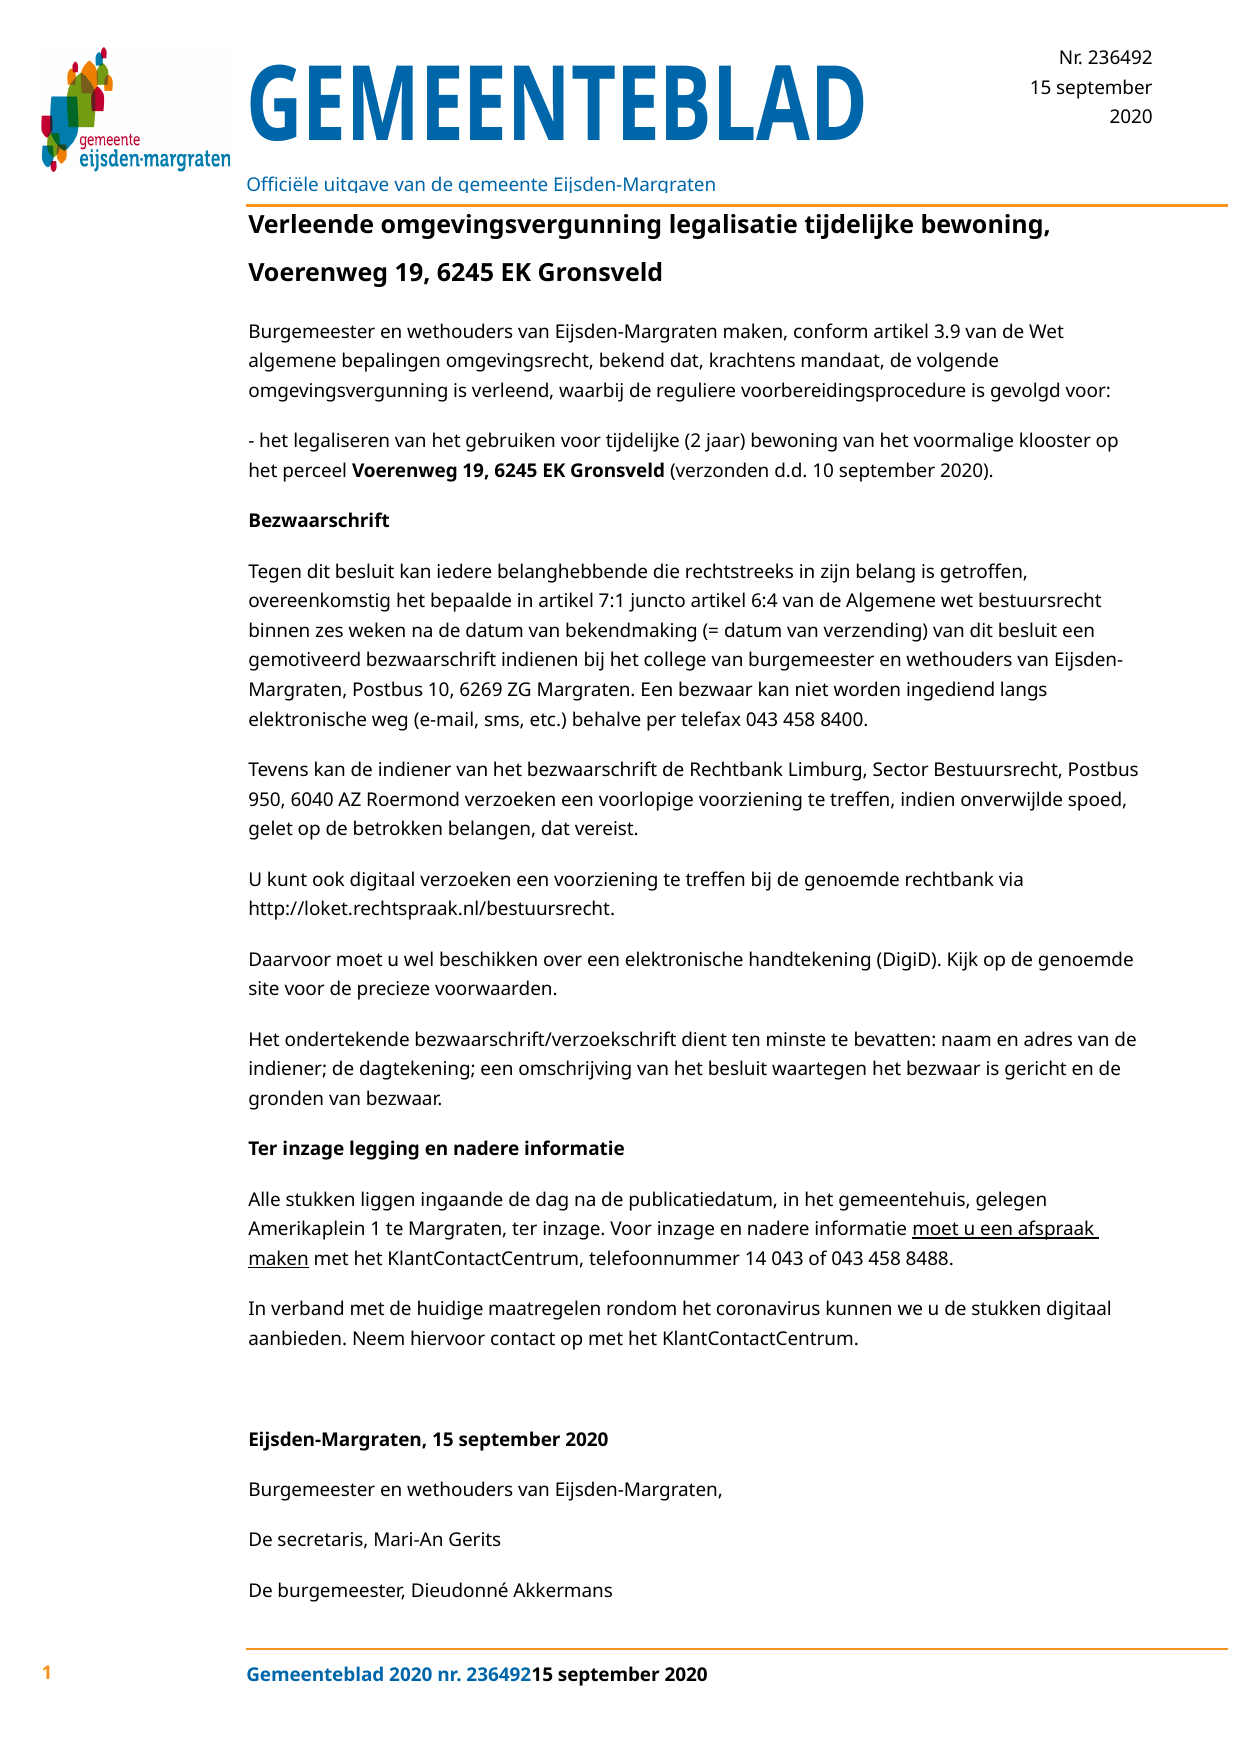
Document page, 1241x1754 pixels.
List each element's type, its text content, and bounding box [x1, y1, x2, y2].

text Tegen dit besluit kan iedere belanghebbende die rechtstreeks in zijn belang is getroffen, overeenkomstig het bepaalde in artikel 7:1 juncto artikel 6:4 van de Algemene wet bestuursrecht binnen zes weken na de datum van bekendmaking (= datum van verzending) van dit besluit een gemotiveerd bezwaarschrift indienen bij het college van burgemeester en wethouders van Eijsden-Margraten, Postbus 10, 6269 ZG Margraten. Een bezwaar kan niet worden ingediend langs elektronische weg (e-mail, sms, etc.) behalve per telefax 043 458 8400. [248, 558, 1152, 732]
text Alle stukken liggen ingaande de dag na de publicatiedatum, in het gemeentehuis, gelegen Amerikaplein 1 te Margraten, ter inzage. Voor inzage en nadere informatie moet u een afspraak maken met het KlantContactCentrum, telefoonnummer 14 043 of 043 458 8488. [248, 1186, 1152, 1271]
text Burgemeester en wethouders van Eijsden-Margraten, [248, 1476, 1152, 1502]
text Ter inzage legging en nadere informatie [248, 1135, 1152, 1161]
picture [41, 47, 231, 172]
text In verband met de huidige maatregelen rondom het coronavirus kunnen we u de stukken digitaal aanbieden. Neem hiervoor contact op met het KlantContactCentrum. [248, 1295, 1152, 1351]
text U kunt ook digitaal verzoeken een voorziening te treffen bij de genoemde rechtbank via http://loket.rechtspraak.nl/bestuursrecht. [248, 866, 1152, 921]
text - het legaliseren van het gebruiken voor tijdelijke (2 jaar) bewoning van het voormalige klooster op het perceel Voerenweg 19, 6245 EK Gronsveld (verzonden d.d. 10 september 2020). [248, 427, 1152, 483]
text Burgemeester en wethouders van Eijsden-Margraten maken, conform artikel 3.9 van de Wet algemene bepalingen omgevingsrecht, bekend dat, krachtens mandaat, de volgende omgevingsvergunning is verleend, waarbij de reguliere voorbereidingsprocedure is gevolgd voor: [248, 318, 1152, 403]
text Bezwaarschrift [248, 507, 1152, 533]
text De burgemeester, Dieudonné Akkermans [248, 1577, 1152, 1603]
text Het ondertekende bezwaarschrift/verzoekschrift dient ten minste te bevatten: naam en adres van de indiener; de dagtekening; een omschrijving van het besluit waartegen het bezwaar is gericht en de gronden van bezwaar. [248, 1026, 1152, 1111]
text De secretaris, Mari-An Gerits [248, 1527, 1152, 1552]
text Tevens kan de indiener van het bezwaarschrift de Rechtbank Limburg, Sector Bestuursrecht, Postbus 950, 6040 AZ Roermond verzoeken een voorlopige voorziening te treffen, indien onverwijlde spoed, gelet op de betrokken belangen, dat vereist. [248, 756, 1152, 841]
text Eijsden-Margraten, 15 september 2020 [248, 1426, 1152, 1452]
text Daarvoor moet u wel beschikken over een elektronische handtekening (DigiD). Kijk op de genoemde site voor de precieze voorwaarden. [248, 946, 1152, 1001]
text Verleende omgevingsvergunning legalisatie tijdelijke bewoning, Voerenweg 19, 6245 EK Gronsveld [248, 207, 1152, 288]
────────────────
■ **TASK REQUIREMENTS**
Each line from the one with "text Ter inzage" through the last line of the material is to be retyped exactly, and no other line is.

■ **SOLUTION**
text Ter inzage legging en nadere informatie [248, 1135, 1152, 1161]
picture [41, 47, 231, 172]
text In verband met de huidige maatregelen rondom het coronavirus kunnen we u de stukken digitaal aanbieden. Neem hiervoor contact op met het KlantContactCentrum. [248, 1295, 1152, 1351]
text U kunt ook digitaal verzoeken een voorziening te treffen bij de genoemde rechtbank via http://loket.rechtspraak.nl/bestuursrecht. [248, 866, 1152, 921]
text - het legaliseren van het gebruiken voor tijdelijke (2 jaar) bewoning van het voormalige klooster op het perceel Voerenweg 19, 6245 EK Gronsveld (verzonden d.d. 10 september 2020). [248, 427, 1152, 483]
text Burgemeester en wethouders van Eijsden-Margraten maken, conform artikel 3.9 van de Wet algemene bepalingen omgevingsrecht, bekend dat, krachtens mandaat, de volgende omgevingsvergunning is verleend, waarbij de reguliere voorbereidingsprocedure is gevolgd voor: [248, 318, 1152, 403]
text Bezwaarschrift [248, 507, 1152, 533]
text De burgemeester, Dieudonné Akkermans [248, 1577, 1152, 1603]
text Het ondertekende bezwaarschrift/verzoekschrift dient ten minste te bevatten: naam en adres van de indiener; de dagtekening; een omschrijving van het besluit waartegen het bezwaar is gericht en de gronden van bezwaar. [248, 1026, 1152, 1111]
text De secretaris, Mari-An Gerits [248, 1527, 1152, 1552]
text Tevens kan de indiener van het bezwaarschrift de Rechtbank Limburg, Sector Bestuursrecht, Postbus 950, 6040 AZ Roermond verzoeken een voorlopige voorziening te treffen, indien onverwijlde spoed, gelet op de betrokken belangen, dat vereist. [248, 756, 1152, 841]
text Eijsden-Margraten, 15 september 2020 [248, 1426, 1152, 1452]
text Daarvoor moet u wel beschikken over een elektronische handtekening (DigiD). Kijk op de genoemde site voor de precieze voorwaarden. [248, 946, 1152, 1001]
text Verleende omgevingsvergunning legalisatie tijdelijke bewoning, Voerenweg 19, 6245 EK Gronsveld [248, 207, 1152, 288]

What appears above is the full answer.